トスーバの探検記録①

俺の名前はトスーバ。

コヨチ村という村の出身だ。普段は村を発展させるために遠くの島へ素材を集めに行ったり、たまに現れるでかいバケモンを倒したりしている。


そんで今何してるかって言うと…


そう。そのバケモンを目の前にしてめちゃめちゃ焦っている。

あー、どうしよ。めちゃめちゃ吼えてるよ…

俺はとりあえず持っていた獣香玉、まあ簡単に言えば、匂いで相手を惹き付ける玉だ。

その獣香玉を遠くへぶん投げた。

…よし、撒いたな。

今回の目的はこのジンム島に生えている木、ジンムーの木を沢山回収することだった。

ジンム島、人間は存在しないが自然の生物が沢山存在する島。まあ正直木を切り倒すって言うのはあんまり良くないけど、これも仕事なんで許してくれ…

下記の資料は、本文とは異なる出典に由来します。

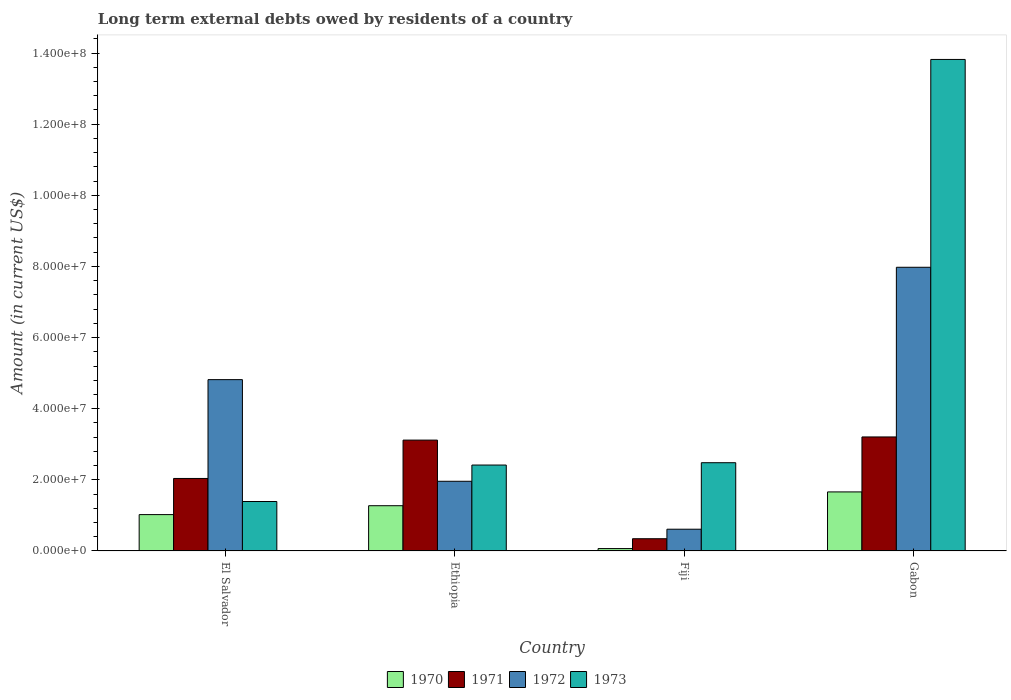How many different coloured bars are there?
Your response must be concise. 4. How many groups of bars are there?
Offer a very short reply. 4. Are the number of bars per tick equal to the number of legend labels?
Give a very brief answer. Yes. What is the label of the 1st group of bars from the left?
Provide a short and direct response. El Salvador. What is the amount of long-term external debts owed by residents in 1973 in El Salvador?
Provide a succinct answer. 1.39e+07. Across all countries, what is the maximum amount of long-term external debts owed by residents in 1973?
Make the answer very short. 1.38e+08. Across all countries, what is the minimum amount of long-term external debts owed by residents in 1972?
Provide a succinct answer. 6.12e+06. In which country was the amount of long-term external debts owed by residents in 1972 maximum?
Offer a terse response. Gabon. In which country was the amount of long-term external debts owed by residents in 1972 minimum?
Your answer should be compact. Fiji. What is the total amount of long-term external debts owed by residents in 1970 in the graph?
Offer a very short reply. 4.02e+07. What is the difference between the amount of long-term external debts owed by residents in 1973 in El Salvador and that in Fiji?
Give a very brief answer. -1.09e+07. What is the difference between the amount of long-term external debts owed by residents in 1971 in El Salvador and the amount of long-term external debts owed by residents in 1970 in Fiji?
Your answer should be very brief. 1.97e+07. What is the average amount of long-term external debts owed by residents in 1971 per country?
Make the answer very short. 2.18e+07. What is the difference between the amount of long-term external debts owed by residents of/in 1973 and amount of long-term external debts owed by residents of/in 1972 in Ethiopia?
Your answer should be compact. 4.56e+06. What is the ratio of the amount of long-term external debts owed by residents in 1970 in El Salvador to that in Fiji?
Offer a terse response. 15.1. Is the difference between the amount of long-term external debts owed by residents in 1973 in Fiji and Gabon greater than the difference between the amount of long-term external debts owed by residents in 1972 in Fiji and Gabon?
Keep it short and to the point. No. What is the difference between the highest and the second highest amount of long-term external debts owed by residents in 1971?
Make the answer very short. 8.88e+05. What is the difference between the highest and the lowest amount of long-term external debts owed by residents in 1971?
Provide a succinct answer. 2.86e+07. Is the sum of the amount of long-term external debts owed by residents in 1973 in Ethiopia and Fiji greater than the maximum amount of long-term external debts owed by residents in 1970 across all countries?
Ensure brevity in your answer.  Yes. What does the 3rd bar from the right in Gabon represents?
Keep it short and to the point. 1971. How many bars are there?
Ensure brevity in your answer.  16. Are all the bars in the graph horizontal?
Offer a very short reply. No. What is the difference between two consecutive major ticks on the Y-axis?
Make the answer very short. 2.00e+07. Does the graph contain any zero values?
Your answer should be very brief. No. Where does the legend appear in the graph?
Make the answer very short. Bottom center. How are the legend labels stacked?
Your answer should be compact. Horizontal. What is the title of the graph?
Your response must be concise. Long term external debts owed by residents of a country. Does "1993" appear as one of the legend labels in the graph?
Give a very brief answer. No. What is the Amount (in current US$) of 1970 in El Salvador?
Your answer should be very brief. 1.02e+07. What is the Amount (in current US$) of 1971 in El Salvador?
Give a very brief answer. 2.04e+07. What is the Amount (in current US$) of 1972 in El Salvador?
Provide a short and direct response. 4.82e+07. What is the Amount (in current US$) in 1973 in El Salvador?
Your answer should be very brief. 1.39e+07. What is the Amount (in current US$) in 1970 in Ethiopia?
Your answer should be very brief. 1.27e+07. What is the Amount (in current US$) of 1971 in Ethiopia?
Offer a terse response. 3.12e+07. What is the Amount (in current US$) of 1972 in Ethiopia?
Your answer should be very brief. 1.96e+07. What is the Amount (in current US$) in 1973 in Ethiopia?
Offer a very short reply. 2.42e+07. What is the Amount (in current US$) of 1970 in Fiji?
Provide a short and direct response. 6.77e+05. What is the Amount (in current US$) in 1971 in Fiji?
Provide a succinct answer. 3.45e+06. What is the Amount (in current US$) of 1972 in Fiji?
Your answer should be very brief. 6.12e+06. What is the Amount (in current US$) in 1973 in Fiji?
Make the answer very short. 2.48e+07. What is the Amount (in current US$) in 1970 in Gabon?
Provide a short and direct response. 1.66e+07. What is the Amount (in current US$) in 1971 in Gabon?
Keep it short and to the point. 3.21e+07. What is the Amount (in current US$) of 1972 in Gabon?
Give a very brief answer. 7.98e+07. What is the Amount (in current US$) in 1973 in Gabon?
Keep it short and to the point. 1.38e+08. Across all countries, what is the maximum Amount (in current US$) of 1970?
Keep it short and to the point. 1.66e+07. Across all countries, what is the maximum Amount (in current US$) of 1971?
Give a very brief answer. 3.21e+07. Across all countries, what is the maximum Amount (in current US$) in 1972?
Provide a short and direct response. 7.98e+07. Across all countries, what is the maximum Amount (in current US$) in 1973?
Ensure brevity in your answer.  1.38e+08. Across all countries, what is the minimum Amount (in current US$) in 1970?
Keep it short and to the point. 6.77e+05. Across all countries, what is the minimum Amount (in current US$) in 1971?
Your answer should be compact. 3.45e+06. Across all countries, what is the minimum Amount (in current US$) in 1972?
Ensure brevity in your answer.  6.12e+06. Across all countries, what is the minimum Amount (in current US$) of 1973?
Offer a terse response. 1.39e+07. What is the total Amount (in current US$) in 1970 in the graph?
Give a very brief answer. 4.02e+07. What is the total Amount (in current US$) in 1971 in the graph?
Your response must be concise. 8.71e+07. What is the total Amount (in current US$) of 1972 in the graph?
Make the answer very short. 1.54e+08. What is the total Amount (in current US$) of 1973 in the graph?
Ensure brevity in your answer.  2.01e+08. What is the difference between the Amount (in current US$) in 1970 in El Salvador and that in Ethiopia?
Your answer should be very brief. -2.50e+06. What is the difference between the Amount (in current US$) in 1971 in El Salvador and that in Ethiopia?
Offer a very short reply. -1.08e+07. What is the difference between the Amount (in current US$) of 1972 in El Salvador and that in Ethiopia?
Your response must be concise. 2.86e+07. What is the difference between the Amount (in current US$) in 1973 in El Salvador and that in Ethiopia?
Your answer should be compact. -1.03e+07. What is the difference between the Amount (in current US$) in 1970 in El Salvador and that in Fiji?
Give a very brief answer. 9.55e+06. What is the difference between the Amount (in current US$) in 1971 in El Salvador and that in Fiji?
Make the answer very short. 1.69e+07. What is the difference between the Amount (in current US$) of 1972 in El Salvador and that in Fiji?
Offer a terse response. 4.21e+07. What is the difference between the Amount (in current US$) in 1973 in El Salvador and that in Fiji?
Offer a very short reply. -1.09e+07. What is the difference between the Amount (in current US$) of 1970 in El Salvador and that in Gabon?
Your response must be concise. -6.38e+06. What is the difference between the Amount (in current US$) in 1971 in El Salvador and that in Gabon?
Provide a succinct answer. -1.17e+07. What is the difference between the Amount (in current US$) of 1972 in El Salvador and that in Gabon?
Ensure brevity in your answer.  -3.16e+07. What is the difference between the Amount (in current US$) in 1973 in El Salvador and that in Gabon?
Give a very brief answer. -1.24e+08. What is the difference between the Amount (in current US$) in 1970 in Ethiopia and that in Fiji?
Give a very brief answer. 1.20e+07. What is the difference between the Amount (in current US$) of 1971 in Ethiopia and that in Fiji?
Your answer should be compact. 2.77e+07. What is the difference between the Amount (in current US$) of 1972 in Ethiopia and that in Fiji?
Provide a succinct answer. 1.35e+07. What is the difference between the Amount (in current US$) of 1973 in Ethiopia and that in Fiji?
Give a very brief answer. -6.56e+05. What is the difference between the Amount (in current US$) of 1970 in Ethiopia and that in Gabon?
Keep it short and to the point. -3.88e+06. What is the difference between the Amount (in current US$) in 1971 in Ethiopia and that in Gabon?
Your answer should be compact. -8.88e+05. What is the difference between the Amount (in current US$) in 1972 in Ethiopia and that in Gabon?
Your response must be concise. -6.02e+07. What is the difference between the Amount (in current US$) in 1973 in Ethiopia and that in Gabon?
Provide a short and direct response. -1.14e+08. What is the difference between the Amount (in current US$) of 1970 in Fiji and that in Gabon?
Offer a terse response. -1.59e+07. What is the difference between the Amount (in current US$) in 1971 in Fiji and that in Gabon?
Your answer should be very brief. -2.86e+07. What is the difference between the Amount (in current US$) in 1972 in Fiji and that in Gabon?
Make the answer very short. -7.36e+07. What is the difference between the Amount (in current US$) in 1973 in Fiji and that in Gabon?
Provide a succinct answer. -1.13e+08. What is the difference between the Amount (in current US$) of 1970 in El Salvador and the Amount (in current US$) of 1971 in Ethiopia?
Your response must be concise. -2.09e+07. What is the difference between the Amount (in current US$) of 1970 in El Salvador and the Amount (in current US$) of 1972 in Ethiopia?
Keep it short and to the point. -9.37e+06. What is the difference between the Amount (in current US$) of 1970 in El Salvador and the Amount (in current US$) of 1973 in Ethiopia?
Offer a terse response. -1.39e+07. What is the difference between the Amount (in current US$) in 1971 in El Salvador and the Amount (in current US$) in 1972 in Ethiopia?
Make the answer very short. 7.91e+05. What is the difference between the Amount (in current US$) in 1971 in El Salvador and the Amount (in current US$) in 1973 in Ethiopia?
Your answer should be compact. -3.77e+06. What is the difference between the Amount (in current US$) of 1972 in El Salvador and the Amount (in current US$) of 1973 in Ethiopia?
Keep it short and to the point. 2.40e+07. What is the difference between the Amount (in current US$) in 1970 in El Salvador and the Amount (in current US$) in 1971 in Fiji?
Keep it short and to the point. 6.78e+06. What is the difference between the Amount (in current US$) of 1970 in El Salvador and the Amount (in current US$) of 1972 in Fiji?
Offer a very short reply. 4.10e+06. What is the difference between the Amount (in current US$) of 1970 in El Salvador and the Amount (in current US$) of 1973 in Fiji?
Your answer should be very brief. -1.46e+07. What is the difference between the Amount (in current US$) of 1971 in El Salvador and the Amount (in current US$) of 1972 in Fiji?
Your answer should be compact. 1.43e+07. What is the difference between the Amount (in current US$) in 1971 in El Salvador and the Amount (in current US$) in 1973 in Fiji?
Your answer should be compact. -4.43e+06. What is the difference between the Amount (in current US$) of 1972 in El Salvador and the Amount (in current US$) of 1973 in Fiji?
Provide a short and direct response. 2.34e+07. What is the difference between the Amount (in current US$) in 1970 in El Salvador and the Amount (in current US$) in 1971 in Gabon?
Ensure brevity in your answer.  -2.18e+07. What is the difference between the Amount (in current US$) of 1970 in El Salvador and the Amount (in current US$) of 1972 in Gabon?
Ensure brevity in your answer.  -6.95e+07. What is the difference between the Amount (in current US$) in 1970 in El Salvador and the Amount (in current US$) in 1973 in Gabon?
Your answer should be compact. -1.28e+08. What is the difference between the Amount (in current US$) of 1971 in El Salvador and the Amount (in current US$) of 1972 in Gabon?
Your answer should be very brief. -5.94e+07. What is the difference between the Amount (in current US$) in 1971 in El Salvador and the Amount (in current US$) in 1973 in Gabon?
Make the answer very short. -1.18e+08. What is the difference between the Amount (in current US$) of 1972 in El Salvador and the Amount (in current US$) of 1973 in Gabon?
Your response must be concise. -9.00e+07. What is the difference between the Amount (in current US$) in 1970 in Ethiopia and the Amount (in current US$) in 1971 in Fiji?
Offer a very short reply. 9.28e+06. What is the difference between the Amount (in current US$) in 1970 in Ethiopia and the Amount (in current US$) in 1972 in Fiji?
Offer a very short reply. 6.61e+06. What is the difference between the Amount (in current US$) in 1970 in Ethiopia and the Amount (in current US$) in 1973 in Fiji?
Give a very brief answer. -1.21e+07. What is the difference between the Amount (in current US$) in 1971 in Ethiopia and the Amount (in current US$) in 1972 in Fiji?
Your answer should be very brief. 2.51e+07. What is the difference between the Amount (in current US$) of 1971 in Ethiopia and the Amount (in current US$) of 1973 in Fiji?
Your answer should be very brief. 6.36e+06. What is the difference between the Amount (in current US$) in 1972 in Ethiopia and the Amount (in current US$) in 1973 in Fiji?
Keep it short and to the point. -5.22e+06. What is the difference between the Amount (in current US$) of 1970 in Ethiopia and the Amount (in current US$) of 1971 in Gabon?
Offer a terse response. -1.93e+07. What is the difference between the Amount (in current US$) of 1970 in Ethiopia and the Amount (in current US$) of 1972 in Gabon?
Offer a very short reply. -6.70e+07. What is the difference between the Amount (in current US$) of 1970 in Ethiopia and the Amount (in current US$) of 1973 in Gabon?
Your response must be concise. -1.25e+08. What is the difference between the Amount (in current US$) in 1971 in Ethiopia and the Amount (in current US$) in 1972 in Gabon?
Give a very brief answer. -4.86e+07. What is the difference between the Amount (in current US$) in 1971 in Ethiopia and the Amount (in current US$) in 1973 in Gabon?
Keep it short and to the point. -1.07e+08. What is the difference between the Amount (in current US$) in 1972 in Ethiopia and the Amount (in current US$) in 1973 in Gabon?
Keep it short and to the point. -1.19e+08. What is the difference between the Amount (in current US$) of 1970 in Fiji and the Amount (in current US$) of 1971 in Gabon?
Give a very brief answer. -3.14e+07. What is the difference between the Amount (in current US$) of 1970 in Fiji and the Amount (in current US$) of 1972 in Gabon?
Your response must be concise. -7.91e+07. What is the difference between the Amount (in current US$) in 1970 in Fiji and the Amount (in current US$) in 1973 in Gabon?
Your answer should be compact. -1.38e+08. What is the difference between the Amount (in current US$) of 1971 in Fiji and the Amount (in current US$) of 1972 in Gabon?
Ensure brevity in your answer.  -7.63e+07. What is the difference between the Amount (in current US$) in 1971 in Fiji and the Amount (in current US$) in 1973 in Gabon?
Ensure brevity in your answer.  -1.35e+08. What is the difference between the Amount (in current US$) of 1972 in Fiji and the Amount (in current US$) of 1973 in Gabon?
Keep it short and to the point. -1.32e+08. What is the average Amount (in current US$) of 1970 per country?
Provide a short and direct response. 1.01e+07. What is the average Amount (in current US$) of 1971 per country?
Ensure brevity in your answer.  2.18e+07. What is the average Amount (in current US$) of 1972 per country?
Offer a terse response. 3.84e+07. What is the average Amount (in current US$) of 1973 per country?
Provide a succinct answer. 5.03e+07. What is the difference between the Amount (in current US$) in 1970 and Amount (in current US$) in 1971 in El Salvador?
Offer a terse response. -1.02e+07. What is the difference between the Amount (in current US$) in 1970 and Amount (in current US$) in 1972 in El Salvador?
Offer a terse response. -3.79e+07. What is the difference between the Amount (in current US$) of 1970 and Amount (in current US$) of 1973 in El Salvador?
Give a very brief answer. -3.68e+06. What is the difference between the Amount (in current US$) of 1971 and Amount (in current US$) of 1972 in El Salvador?
Ensure brevity in your answer.  -2.78e+07. What is the difference between the Amount (in current US$) of 1971 and Amount (in current US$) of 1973 in El Salvador?
Provide a short and direct response. 6.48e+06. What is the difference between the Amount (in current US$) of 1972 and Amount (in current US$) of 1973 in El Salvador?
Provide a succinct answer. 3.43e+07. What is the difference between the Amount (in current US$) in 1970 and Amount (in current US$) in 1971 in Ethiopia?
Ensure brevity in your answer.  -1.84e+07. What is the difference between the Amount (in current US$) in 1970 and Amount (in current US$) in 1972 in Ethiopia?
Make the answer very short. -6.87e+06. What is the difference between the Amount (in current US$) in 1970 and Amount (in current US$) in 1973 in Ethiopia?
Keep it short and to the point. -1.14e+07. What is the difference between the Amount (in current US$) in 1971 and Amount (in current US$) in 1972 in Ethiopia?
Offer a terse response. 1.16e+07. What is the difference between the Amount (in current US$) of 1971 and Amount (in current US$) of 1973 in Ethiopia?
Your answer should be compact. 7.01e+06. What is the difference between the Amount (in current US$) of 1972 and Amount (in current US$) of 1973 in Ethiopia?
Your answer should be very brief. -4.56e+06. What is the difference between the Amount (in current US$) in 1970 and Amount (in current US$) in 1971 in Fiji?
Your response must be concise. -2.77e+06. What is the difference between the Amount (in current US$) of 1970 and Amount (in current US$) of 1972 in Fiji?
Ensure brevity in your answer.  -5.44e+06. What is the difference between the Amount (in current US$) of 1970 and Amount (in current US$) of 1973 in Fiji?
Provide a succinct answer. -2.41e+07. What is the difference between the Amount (in current US$) of 1971 and Amount (in current US$) of 1972 in Fiji?
Keep it short and to the point. -2.68e+06. What is the difference between the Amount (in current US$) of 1971 and Amount (in current US$) of 1973 in Fiji?
Offer a very short reply. -2.14e+07. What is the difference between the Amount (in current US$) in 1972 and Amount (in current US$) in 1973 in Fiji?
Provide a succinct answer. -1.87e+07. What is the difference between the Amount (in current US$) of 1970 and Amount (in current US$) of 1971 in Gabon?
Give a very brief answer. -1.55e+07. What is the difference between the Amount (in current US$) of 1970 and Amount (in current US$) of 1972 in Gabon?
Provide a short and direct response. -6.32e+07. What is the difference between the Amount (in current US$) in 1970 and Amount (in current US$) in 1973 in Gabon?
Your answer should be compact. -1.22e+08. What is the difference between the Amount (in current US$) of 1971 and Amount (in current US$) of 1972 in Gabon?
Give a very brief answer. -4.77e+07. What is the difference between the Amount (in current US$) of 1971 and Amount (in current US$) of 1973 in Gabon?
Provide a succinct answer. -1.06e+08. What is the difference between the Amount (in current US$) in 1972 and Amount (in current US$) in 1973 in Gabon?
Give a very brief answer. -5.84e+07. What is the ratio of the Amount (in current US$) in 1970 in El Salvador to that in Ethiopia?
Your answer should be compact. 0.8. What is the ratio of the Amount (in current US$) in 1971 in El Salvador to that in Ethiopia?
Offer a very short reply. 0.65. What is the ratio of the Amount (in current US$) in 1972 in El Salvador to that in Ethiopia?
Offer a very short reply. 2.46. What is the ratio of the Amount (in current US$) of 1973 in El Salvador to that in Ethiopia?
Offer a terse response. 0.58. What is the ratio of the Amount (in current US$) of 1970 in El Salvador to that in Fiji?
Offer a terse response. 15.1. What is the ratio of the Amount (in current US$) of 1971 in El Salvador to that in Fiji?
Make the answer very short. 5.92. What is the ratio of the Amount (in current US$) in 1972 in El Salvador to that in Fiji?
Ensure brevity in your answer.  7.87. What is the ratio of the Amount (in current US$) of 1973 in El Salvador to that in Fiji?
Provide a short and direct response. 0.56. What is the ratio of the Amount (in current US$) of 1970 in El Salvador to that in Gabon?
Offer a very short reply. 0.62. What is the ratio of the Amount (in current US$) in 1971 in El Salvador to that in Gabon?
Keep it short and to the point. 0.64. What is the ratio of the Amount (in current US$) in 1972 in El Salvador to that in Gabon?
Give a very brief answer. 0.6. What is the ratio of the Amount (in current US$) in 1973 in El Salvador to that in Gabon?
Give a very brief answer. 0.1. What is the ratio of the Amount (in current US$) of 1970 in Ethiopia to that in Fiji?
Give a very brief answer. 18.8. What is the ratio of the Amount (in current US$) of 1971 in Ethiopia to that in Fiji?
Provide a succinct answer. 9.05. What is the ratio of the Amount (in current US$) in 1972 in Ethiopia to that in Fiji?
Your response must be concise. 3.2. What is the ratio of the Amount (in current US$) of 1973 in Ethiopia to that in Fiji?
Keep it short and to the point. 0.97. What is the ratio of the Amount (in current US$) in 1970 in Ethiopia to that in Gabon?
Your answer should be very brief. 0.77. What is the ratio of the Amount (in current US$) of 1971 in Ethiopia to that in Gabon?
Ensure brevity in your answer.  0.97. What is the ratio of the Amount (in current US$) of 1972 in Ethiopia to that in Gabon?
Provide a short and direct response. 0.25. What is the ratio of the Amount (in current US$) of 1973 in Ethiopia to that in Gabon?
Make the answer very short. 0.17. What is the ratio of the Amount (in current US$) of 1970 in Fiji to that in Gabon?
Offer a terse response. 0.04. What is the ratio of the Amount (in current US$) of 1971 in Fiji to that in Gabon?
Offer a terse response. 0.11. What is the ratio of the Amount (in current US$) in 1972 in Fiji to that in Gabon?
Offer a very short reply. 0.08. What is the ratio of the Amount (in current US$) in 1973 in Fiji to that in Gabon?
Make the answer very short. 0.18. What is the difference between the highest and the second highest Amount (in current US$) of 1970?
Your answer should be compact. 3.88e+06. What is the difference between the highest and the second highest Amount (in current US$) in 1971?
Provide a succinct answer. 8.88e+05. What is the difference between the highest and the second highest Amount (in current US$) of 1972?
Provide a short and direct response. 3.16e+07. What is the difference between the highest and the second highest Amount (in current US$) of 1973?
Give a very brief answer. 1.13e+08. What is the difference between the highest and the lowest Amount (in current US$) in 1970?
Make the answer very short. 1.59e+07. What is the difference between the highest and the lowest Amount (in current US$) of 1971?
Your answer should be compact. 2.86e+07. What is the difference between the highest and the lowest Amount (in current US$) in 1972?
Keep it short and to the point. 7.36e+07. What is the difference between the highest and the lowest Amount (in current US$) of 1973?
Provide a short and direct response. 1.24e+08.

基本的にはそこの島までボートで運んでくれる人がいる。行き帰りはそれを使って…ん?

ボートの人がいない…?

どういう事だ?

これじゃあ泳いで帰らないといけないじゃないか…

とりあえず帰ってくるまでもうちょっと探索するか。



数時間後…




遅い。あまりにも遅い。え?捨てられた?俺、どうしよう。


…ん?あ、この花。薬草に似てるけど…赤い?

俺は持ってきていた【この世の素材っぽいものいっぱい載ってるよブック】を開き調べた。

うーん…あ、あった。

ヒノコ草
太陽に照りつけられる、火を近づけるなど熱を浴びることにより火の粉のような粉が舞う。ヒノコ草自体は耐火機能が存在しており、ヒノコ草が燃えることはない。
最近では火起こしの要になったり、爆弾を作る元になったりしている。

中々危ないな…でもこれで夜は大丈夫そうだな。

ヒノコ草を少し摘み、薪や葉をくべた所にヒノコ草を撒き散らし、持っていたランタンのガラスの表面にヒノコ草を近づける。

アツい!

ふわりと舞う火の粉が肌に触れ火傷チックなことになってしまった。

しかし火は起こった。

…ふぅ、疲れた。俺、裏切られたのか…?

色々な考えが頭を駆け巡る。

こんなときでもアブルア焼きはうまいな…

アブルア
コヨチ村で食用に飼われている生物。脂身が豊富で、若者に人気。


ん?なんか変なうめき声が聞こえるな…

振り返ると、睨み付けていても大きな瞳がこちらを向いている。

さっきの奴だ…!やべえ、逃げないと…


…ない!獣香玉がない!もうあれラストだったのか…

必死に逃げるトスーバ。追いかけてくる大型の獣。


どうすればいい…?

…そうだ!

どうせ死ぬかもしれないんだから、一か八かで!!

トスーバはヒノコ草と草を沢山丸めて、そこにアブルアもねじ込んだ。

ランタンに近づけた後ぶん投げた。

固めた玉はみるみる炎を帯びていき、獣の眉間に直撃した。

獣は倒れた…

多分気絶だろう。しかしとりあえず島さっきの炎の玉に水をかけてその場から離れた。


続く…?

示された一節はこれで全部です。